フィギュアスケート男子で五輪2連覇の羽生結弦(27)を巡って、早くも世界を舞台に大争奪戦が勃発している。羽生は19日の会見で今後はプロとしてアイスショーに参加する意向を表明した中、ショービジネスの本場である米国では羽生招致の動きが判明。さらに羽生人気が高い中国も国家的プロジェクトとして引き抜く可能性があり〝米中戦争〟の様相を呈している。

 羽生は会見で今後について「自分の中で考えていることだったり、いろいろ進めようとしていることはある。ショーであったり、応援してくださる方々が納得できるような場所だったり、演技だったり、そういったものを続けていきたい」と言及。詳細は明かさなかったが、今後は自身がアイスショーに参加するだけでなく、自らショーをプロデュースする可能性もある。

 その羽生は、すでに世界からラブコールを受けている。大手広告代理店の関係者は「羽生選手はフィギュアスケート大国の米国でも人気がすごい。羽生ブランドのアイスショーを組んでやろうと複数のプロモーターが動いていると聞くし、ショービジネスが盛んな街同士で定期的に開催しようと引っ張りだこになるのではないか」と説明する。

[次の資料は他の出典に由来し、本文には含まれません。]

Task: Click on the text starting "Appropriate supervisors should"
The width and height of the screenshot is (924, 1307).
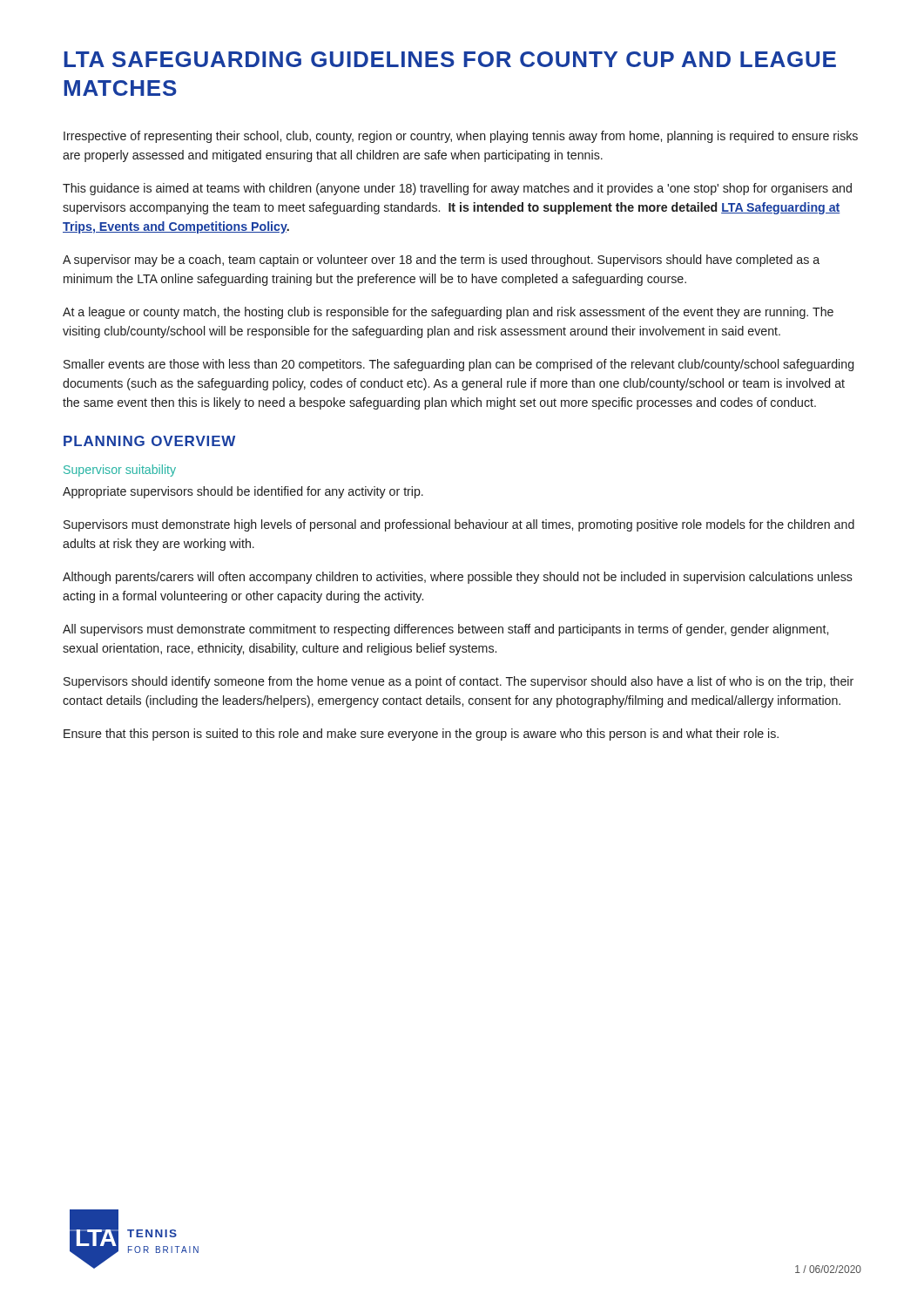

 米国では特に近年アイスショーへの注目度が高まっており、収益も拡大。一般的な全米各地を巡るツアーに加えて、演劇や公演などのエンターテインメントが盛んなニューヨーク・ブロードウェー、ラスベガス、ハリウッドなどがショーの拠点として羽生の誘致合戦を繰り広げるというわけだ。

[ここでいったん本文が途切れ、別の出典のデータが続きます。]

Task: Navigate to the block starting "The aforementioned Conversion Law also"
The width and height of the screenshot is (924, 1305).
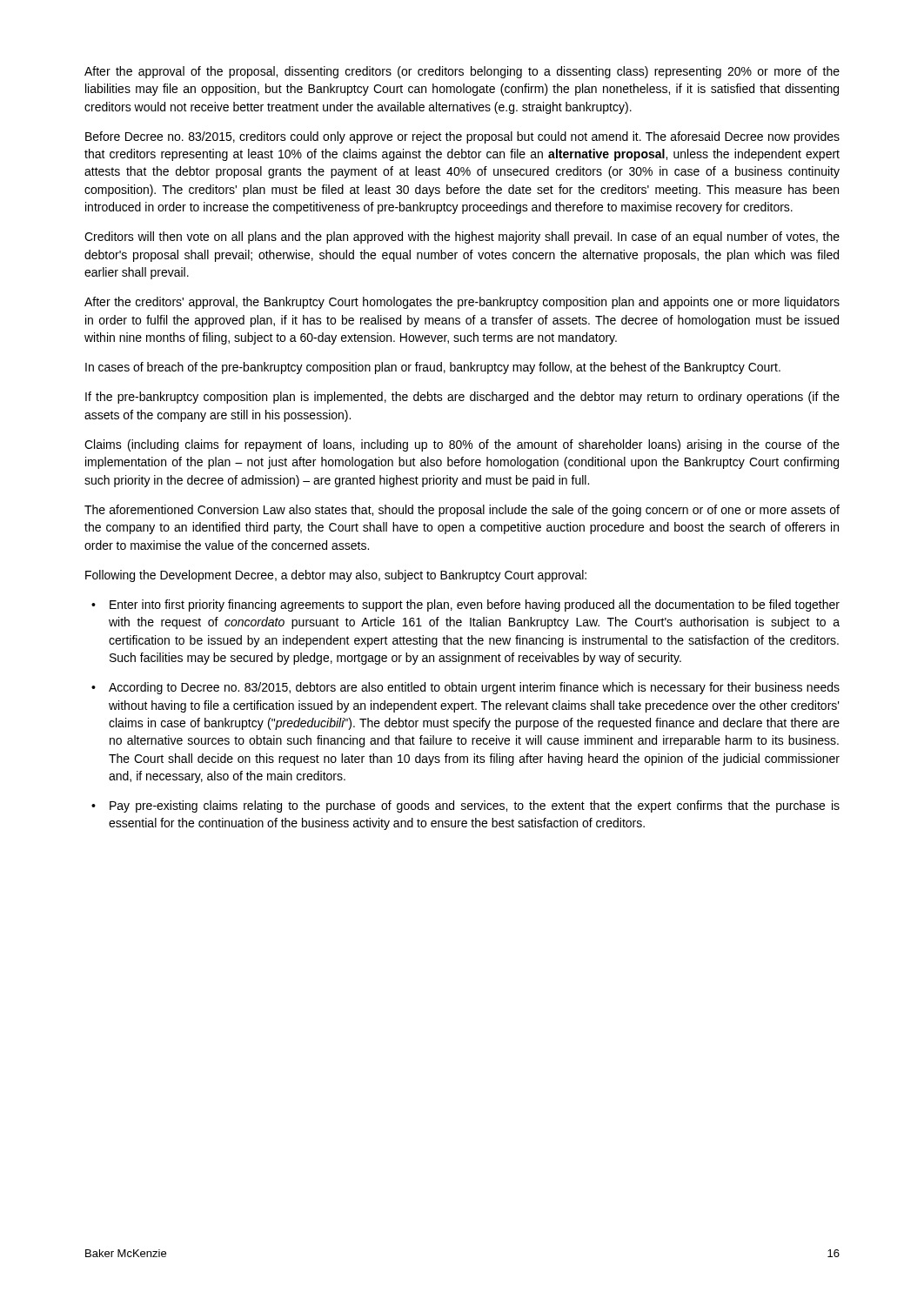Action: click(x=462, y=527)

 米国だけではない。「中国の羽生人気は世界一と言ってもいいほど。中国政府も産業界で優秀な日本人を引き抜いてきたが、今度は羽生を呼び寄せてフィギュアスケートの一大国家プロジェクトを始めてもおかしくはない」と同関係者は指摘する。

 今年2月の北京五輪で羽生フィーバーが沸騰するなど中国での人気は日本を凌駕するほど。さらに中国政府も以前から羽生への〝接近〟を図っており、政府中枢の華春瑩報道官が公式SNSで再三、羽生を称賛するメッセージを送るなど異例の対応を取ってきた。

 中国では近年フィギュアスケートの強化に力を注いでいる。アイスショーなどビジネス面に加えて、競技の育成を図る指導者としての役割など総合的なフィギュアプロジェクトを発足させて、総責任者として羽生を招聘することもあり得る。習近平国家主席はスポーツの成長に対してカネに糸目はつけない方針だけに、米国とシ烈な綱引きが展開されるだろう。

 同関係者は「どちらにしても動くカネは巨大なものになる」と指摘。世界的な影響力や長期間の収益が見込めることを考慮すれば、数百億円規模のオファー合戦も予想される。羽生のスケート人生はむしろこれからが本番と言えそうだ。